'Singin in the Rain' by Cheshire High School Drama

'Singin in the Rain' by Cheshire High School Drama

Nancy Sasso Janis

OnStage Connecticut Critic / Connecticut Critics Circle

Cheshire, CT - Cheshire High School Drama decided to launch a production of ‘Singin’ in the Rain’ despite the fact that it requires lots of strong tap dancing and the little detail of making it rain onstage. Director Dawn DeMeo, her assistant Taryn Chorney, and the Cheshire HS students were up to every technical challenge and Choreographer John E. Carter made sure that every one of the talented tappers performed perfectly. Add in the fabulous costumes that invoked the silent screen era beautifully and the result is a happy romantic comedy that delighted the packed audience in the school’s Thorpe auditorium. 

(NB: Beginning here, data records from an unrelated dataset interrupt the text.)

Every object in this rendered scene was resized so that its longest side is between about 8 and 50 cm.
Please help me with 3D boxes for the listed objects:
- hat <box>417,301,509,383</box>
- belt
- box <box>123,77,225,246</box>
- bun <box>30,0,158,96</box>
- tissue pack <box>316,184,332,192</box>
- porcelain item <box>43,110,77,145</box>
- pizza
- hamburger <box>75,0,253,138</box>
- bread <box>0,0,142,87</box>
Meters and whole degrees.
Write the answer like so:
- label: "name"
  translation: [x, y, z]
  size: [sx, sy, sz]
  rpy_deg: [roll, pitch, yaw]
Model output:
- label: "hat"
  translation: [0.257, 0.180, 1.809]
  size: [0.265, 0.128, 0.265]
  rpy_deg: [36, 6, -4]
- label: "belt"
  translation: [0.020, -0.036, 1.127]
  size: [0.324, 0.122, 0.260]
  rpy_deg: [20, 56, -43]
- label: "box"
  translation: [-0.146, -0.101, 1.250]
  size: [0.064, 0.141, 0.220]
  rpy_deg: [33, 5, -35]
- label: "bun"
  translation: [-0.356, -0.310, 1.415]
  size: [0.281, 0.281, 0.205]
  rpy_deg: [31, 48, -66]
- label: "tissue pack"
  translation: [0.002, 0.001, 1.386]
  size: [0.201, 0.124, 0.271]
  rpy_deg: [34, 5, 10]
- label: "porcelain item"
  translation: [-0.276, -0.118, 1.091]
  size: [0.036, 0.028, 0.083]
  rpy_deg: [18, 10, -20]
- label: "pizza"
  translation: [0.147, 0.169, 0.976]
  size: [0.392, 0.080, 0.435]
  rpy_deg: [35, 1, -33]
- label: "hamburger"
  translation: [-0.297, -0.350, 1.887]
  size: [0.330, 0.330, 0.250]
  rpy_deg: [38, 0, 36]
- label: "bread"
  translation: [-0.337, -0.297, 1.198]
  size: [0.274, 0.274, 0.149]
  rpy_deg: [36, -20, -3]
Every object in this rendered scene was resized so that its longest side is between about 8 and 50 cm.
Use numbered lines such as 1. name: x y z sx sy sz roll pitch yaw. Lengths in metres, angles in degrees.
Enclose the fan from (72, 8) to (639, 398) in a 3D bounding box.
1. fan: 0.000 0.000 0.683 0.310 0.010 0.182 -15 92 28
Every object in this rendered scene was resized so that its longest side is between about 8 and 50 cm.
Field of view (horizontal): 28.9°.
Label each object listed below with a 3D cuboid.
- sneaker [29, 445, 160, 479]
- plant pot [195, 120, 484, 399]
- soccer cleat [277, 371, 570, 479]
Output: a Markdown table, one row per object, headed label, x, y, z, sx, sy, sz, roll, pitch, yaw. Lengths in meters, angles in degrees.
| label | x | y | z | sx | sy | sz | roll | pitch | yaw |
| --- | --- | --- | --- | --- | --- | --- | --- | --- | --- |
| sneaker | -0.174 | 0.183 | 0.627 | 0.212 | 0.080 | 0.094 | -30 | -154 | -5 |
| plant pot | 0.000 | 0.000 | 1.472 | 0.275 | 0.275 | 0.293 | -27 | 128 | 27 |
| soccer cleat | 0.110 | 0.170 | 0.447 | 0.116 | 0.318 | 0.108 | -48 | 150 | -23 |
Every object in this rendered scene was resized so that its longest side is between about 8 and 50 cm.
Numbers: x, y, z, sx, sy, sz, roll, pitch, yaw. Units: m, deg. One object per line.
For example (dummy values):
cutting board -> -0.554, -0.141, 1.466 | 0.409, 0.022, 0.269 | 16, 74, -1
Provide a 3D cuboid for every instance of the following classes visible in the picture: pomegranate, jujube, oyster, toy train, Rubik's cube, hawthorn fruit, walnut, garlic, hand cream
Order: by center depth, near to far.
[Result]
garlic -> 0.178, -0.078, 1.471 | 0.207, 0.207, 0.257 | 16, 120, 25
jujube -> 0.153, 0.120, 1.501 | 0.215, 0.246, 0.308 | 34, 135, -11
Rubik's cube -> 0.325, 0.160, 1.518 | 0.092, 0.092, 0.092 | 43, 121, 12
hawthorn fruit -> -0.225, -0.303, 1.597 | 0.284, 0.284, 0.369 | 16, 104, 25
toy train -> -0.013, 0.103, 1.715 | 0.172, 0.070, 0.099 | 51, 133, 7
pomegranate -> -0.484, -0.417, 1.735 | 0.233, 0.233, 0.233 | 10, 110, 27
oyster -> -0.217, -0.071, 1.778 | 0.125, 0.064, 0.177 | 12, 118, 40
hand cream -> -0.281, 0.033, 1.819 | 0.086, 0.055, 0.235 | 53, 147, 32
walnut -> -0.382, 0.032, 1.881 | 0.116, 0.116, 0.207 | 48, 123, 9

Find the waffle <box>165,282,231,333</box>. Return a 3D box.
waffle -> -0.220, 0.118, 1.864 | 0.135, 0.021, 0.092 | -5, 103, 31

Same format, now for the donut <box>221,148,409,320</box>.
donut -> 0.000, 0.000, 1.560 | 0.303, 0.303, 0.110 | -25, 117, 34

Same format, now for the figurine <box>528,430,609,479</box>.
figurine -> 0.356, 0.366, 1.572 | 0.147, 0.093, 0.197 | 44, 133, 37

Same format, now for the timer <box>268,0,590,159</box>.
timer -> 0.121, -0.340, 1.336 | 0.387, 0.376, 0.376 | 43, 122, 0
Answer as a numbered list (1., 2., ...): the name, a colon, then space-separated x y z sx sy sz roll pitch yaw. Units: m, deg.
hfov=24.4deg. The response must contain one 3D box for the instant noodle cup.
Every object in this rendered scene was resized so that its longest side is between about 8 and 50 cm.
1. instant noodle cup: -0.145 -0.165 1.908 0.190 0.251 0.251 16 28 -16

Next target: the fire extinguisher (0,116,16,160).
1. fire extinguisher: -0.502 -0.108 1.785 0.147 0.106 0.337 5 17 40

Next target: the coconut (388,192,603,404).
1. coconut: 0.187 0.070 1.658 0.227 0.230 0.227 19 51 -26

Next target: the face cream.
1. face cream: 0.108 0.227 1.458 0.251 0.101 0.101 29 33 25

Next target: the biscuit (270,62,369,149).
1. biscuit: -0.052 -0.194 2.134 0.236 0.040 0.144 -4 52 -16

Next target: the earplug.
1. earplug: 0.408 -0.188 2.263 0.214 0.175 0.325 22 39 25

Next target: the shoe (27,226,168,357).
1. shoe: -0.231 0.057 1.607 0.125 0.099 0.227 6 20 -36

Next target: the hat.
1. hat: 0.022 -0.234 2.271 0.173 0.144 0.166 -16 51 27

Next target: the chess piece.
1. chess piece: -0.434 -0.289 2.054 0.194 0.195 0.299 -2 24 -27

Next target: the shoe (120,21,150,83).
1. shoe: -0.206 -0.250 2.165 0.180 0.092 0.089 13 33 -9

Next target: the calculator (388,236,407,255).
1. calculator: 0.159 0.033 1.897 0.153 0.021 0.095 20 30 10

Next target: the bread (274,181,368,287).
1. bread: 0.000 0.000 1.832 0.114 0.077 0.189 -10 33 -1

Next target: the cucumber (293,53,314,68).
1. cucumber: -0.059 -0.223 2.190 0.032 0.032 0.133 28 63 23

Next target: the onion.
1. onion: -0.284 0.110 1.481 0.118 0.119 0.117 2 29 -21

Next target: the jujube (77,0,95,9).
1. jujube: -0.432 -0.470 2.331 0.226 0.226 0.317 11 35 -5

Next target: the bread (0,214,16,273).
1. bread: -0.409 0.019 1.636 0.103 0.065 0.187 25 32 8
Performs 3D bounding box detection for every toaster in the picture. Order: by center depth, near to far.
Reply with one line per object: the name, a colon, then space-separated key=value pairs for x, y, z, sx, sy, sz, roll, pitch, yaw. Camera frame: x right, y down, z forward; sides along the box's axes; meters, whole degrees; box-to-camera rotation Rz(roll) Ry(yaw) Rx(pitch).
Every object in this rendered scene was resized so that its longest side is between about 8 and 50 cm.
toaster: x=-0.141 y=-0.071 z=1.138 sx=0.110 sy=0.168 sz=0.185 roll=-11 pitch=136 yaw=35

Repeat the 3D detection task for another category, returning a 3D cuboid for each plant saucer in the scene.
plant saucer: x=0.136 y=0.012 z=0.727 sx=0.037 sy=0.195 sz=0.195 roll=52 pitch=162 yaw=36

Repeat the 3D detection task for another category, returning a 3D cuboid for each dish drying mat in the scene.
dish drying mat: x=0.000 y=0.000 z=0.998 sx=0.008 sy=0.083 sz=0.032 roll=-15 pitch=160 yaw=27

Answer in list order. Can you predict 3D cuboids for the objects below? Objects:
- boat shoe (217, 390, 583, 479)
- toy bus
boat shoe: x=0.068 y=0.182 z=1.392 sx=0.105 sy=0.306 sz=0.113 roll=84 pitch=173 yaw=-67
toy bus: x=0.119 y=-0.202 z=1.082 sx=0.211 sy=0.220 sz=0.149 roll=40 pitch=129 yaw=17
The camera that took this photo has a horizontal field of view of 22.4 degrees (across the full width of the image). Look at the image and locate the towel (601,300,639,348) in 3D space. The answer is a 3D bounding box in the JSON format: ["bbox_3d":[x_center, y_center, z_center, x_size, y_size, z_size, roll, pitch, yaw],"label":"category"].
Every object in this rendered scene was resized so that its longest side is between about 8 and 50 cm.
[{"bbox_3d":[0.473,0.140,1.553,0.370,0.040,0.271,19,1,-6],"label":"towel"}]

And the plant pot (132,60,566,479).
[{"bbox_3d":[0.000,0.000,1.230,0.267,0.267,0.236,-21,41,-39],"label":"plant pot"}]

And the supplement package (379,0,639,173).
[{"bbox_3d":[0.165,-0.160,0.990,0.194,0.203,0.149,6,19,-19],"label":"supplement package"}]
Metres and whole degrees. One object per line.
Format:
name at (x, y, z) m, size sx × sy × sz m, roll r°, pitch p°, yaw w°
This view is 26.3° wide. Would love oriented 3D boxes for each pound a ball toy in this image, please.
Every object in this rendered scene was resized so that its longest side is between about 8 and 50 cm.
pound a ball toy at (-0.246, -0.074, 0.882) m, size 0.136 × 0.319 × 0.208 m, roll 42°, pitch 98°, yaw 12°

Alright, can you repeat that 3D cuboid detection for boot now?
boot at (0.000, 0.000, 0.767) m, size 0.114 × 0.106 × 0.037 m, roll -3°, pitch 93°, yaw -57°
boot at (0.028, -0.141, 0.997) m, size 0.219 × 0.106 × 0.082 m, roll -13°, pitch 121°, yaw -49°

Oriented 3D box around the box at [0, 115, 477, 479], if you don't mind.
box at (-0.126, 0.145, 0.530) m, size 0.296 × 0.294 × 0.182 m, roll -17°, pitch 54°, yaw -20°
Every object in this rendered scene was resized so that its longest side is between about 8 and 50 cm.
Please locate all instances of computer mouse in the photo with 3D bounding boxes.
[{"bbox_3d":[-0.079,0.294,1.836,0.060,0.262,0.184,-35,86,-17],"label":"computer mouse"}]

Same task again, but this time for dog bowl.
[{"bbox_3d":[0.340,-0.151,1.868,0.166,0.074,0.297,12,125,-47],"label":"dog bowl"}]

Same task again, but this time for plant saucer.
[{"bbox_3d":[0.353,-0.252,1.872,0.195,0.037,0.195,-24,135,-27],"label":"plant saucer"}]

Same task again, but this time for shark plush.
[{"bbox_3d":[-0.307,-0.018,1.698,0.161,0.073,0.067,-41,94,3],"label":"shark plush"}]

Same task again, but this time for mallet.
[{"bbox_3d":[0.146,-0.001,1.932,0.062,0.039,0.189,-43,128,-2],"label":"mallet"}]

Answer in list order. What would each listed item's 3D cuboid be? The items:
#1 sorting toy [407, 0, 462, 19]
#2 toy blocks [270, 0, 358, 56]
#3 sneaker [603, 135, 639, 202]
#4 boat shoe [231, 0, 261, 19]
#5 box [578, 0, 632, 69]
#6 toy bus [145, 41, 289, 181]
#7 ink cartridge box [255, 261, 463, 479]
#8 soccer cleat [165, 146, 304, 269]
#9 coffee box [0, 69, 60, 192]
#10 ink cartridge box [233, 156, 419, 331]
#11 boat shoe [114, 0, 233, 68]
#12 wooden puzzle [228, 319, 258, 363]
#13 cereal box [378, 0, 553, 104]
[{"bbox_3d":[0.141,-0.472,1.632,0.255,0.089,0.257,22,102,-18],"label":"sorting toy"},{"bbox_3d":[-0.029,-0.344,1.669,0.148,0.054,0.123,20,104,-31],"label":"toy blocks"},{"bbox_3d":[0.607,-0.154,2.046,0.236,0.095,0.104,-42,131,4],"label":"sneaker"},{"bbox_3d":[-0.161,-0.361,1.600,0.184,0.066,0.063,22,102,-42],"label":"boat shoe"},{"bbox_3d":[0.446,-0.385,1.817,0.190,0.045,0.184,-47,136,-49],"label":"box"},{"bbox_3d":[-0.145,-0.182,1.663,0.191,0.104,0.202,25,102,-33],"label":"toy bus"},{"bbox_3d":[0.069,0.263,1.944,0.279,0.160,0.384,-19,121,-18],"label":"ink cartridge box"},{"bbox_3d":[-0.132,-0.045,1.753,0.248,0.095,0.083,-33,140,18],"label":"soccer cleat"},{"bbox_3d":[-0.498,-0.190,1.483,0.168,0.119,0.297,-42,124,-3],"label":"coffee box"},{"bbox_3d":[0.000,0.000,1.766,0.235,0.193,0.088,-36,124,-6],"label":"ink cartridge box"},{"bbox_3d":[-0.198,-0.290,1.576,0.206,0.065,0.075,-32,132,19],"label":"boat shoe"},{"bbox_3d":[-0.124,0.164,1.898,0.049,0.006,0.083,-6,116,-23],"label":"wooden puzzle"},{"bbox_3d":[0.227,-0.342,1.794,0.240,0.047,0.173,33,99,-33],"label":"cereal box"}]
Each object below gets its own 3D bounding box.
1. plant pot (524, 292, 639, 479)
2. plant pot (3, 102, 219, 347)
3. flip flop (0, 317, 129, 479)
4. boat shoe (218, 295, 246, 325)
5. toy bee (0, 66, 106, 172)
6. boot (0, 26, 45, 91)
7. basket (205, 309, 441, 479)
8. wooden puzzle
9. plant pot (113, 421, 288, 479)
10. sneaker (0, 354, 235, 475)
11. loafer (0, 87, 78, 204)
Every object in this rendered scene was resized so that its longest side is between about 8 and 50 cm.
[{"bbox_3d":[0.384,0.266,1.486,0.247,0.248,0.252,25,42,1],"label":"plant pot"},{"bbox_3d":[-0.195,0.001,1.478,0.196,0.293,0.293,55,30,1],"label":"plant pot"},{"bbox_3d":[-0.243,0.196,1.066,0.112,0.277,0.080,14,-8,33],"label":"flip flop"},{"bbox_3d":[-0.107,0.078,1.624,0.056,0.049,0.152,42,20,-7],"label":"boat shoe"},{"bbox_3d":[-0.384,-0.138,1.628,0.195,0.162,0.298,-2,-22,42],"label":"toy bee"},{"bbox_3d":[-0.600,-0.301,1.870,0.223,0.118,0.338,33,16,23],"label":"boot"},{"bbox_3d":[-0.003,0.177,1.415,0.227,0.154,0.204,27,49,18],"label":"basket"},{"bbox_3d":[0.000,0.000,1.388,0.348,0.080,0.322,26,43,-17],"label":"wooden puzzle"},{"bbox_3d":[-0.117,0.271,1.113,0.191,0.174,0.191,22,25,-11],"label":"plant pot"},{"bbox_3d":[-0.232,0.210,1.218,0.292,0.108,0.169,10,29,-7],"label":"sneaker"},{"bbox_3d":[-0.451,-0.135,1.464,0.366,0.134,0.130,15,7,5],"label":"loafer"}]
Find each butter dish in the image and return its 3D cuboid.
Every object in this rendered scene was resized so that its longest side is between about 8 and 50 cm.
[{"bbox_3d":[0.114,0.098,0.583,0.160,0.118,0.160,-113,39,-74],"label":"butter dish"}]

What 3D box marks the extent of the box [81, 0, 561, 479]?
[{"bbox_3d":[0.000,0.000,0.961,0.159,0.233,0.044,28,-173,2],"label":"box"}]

‘Singin’ in the Rain’ was adapted from the iconic 1952 movie of the same name; the plot adheres closely to the original that is set in the final days of the silent screen era. It focuses on the actor Don Lockwood, his sidekick Cosmo Brown, aspiring actress Kathy Selden and Lockwood’s leading lady Lina Lamont, whose voice will preclude her from making it in talking pictures. The musical ran on Broadway at the Gershwin for 367 performances and was directed and choreographed by Twyla Tharp. Familiar songs include “Good Morning,” “Make ‘em Laugh,” “You Stepped Out of Dream,” and “All I Do is Dream of You.”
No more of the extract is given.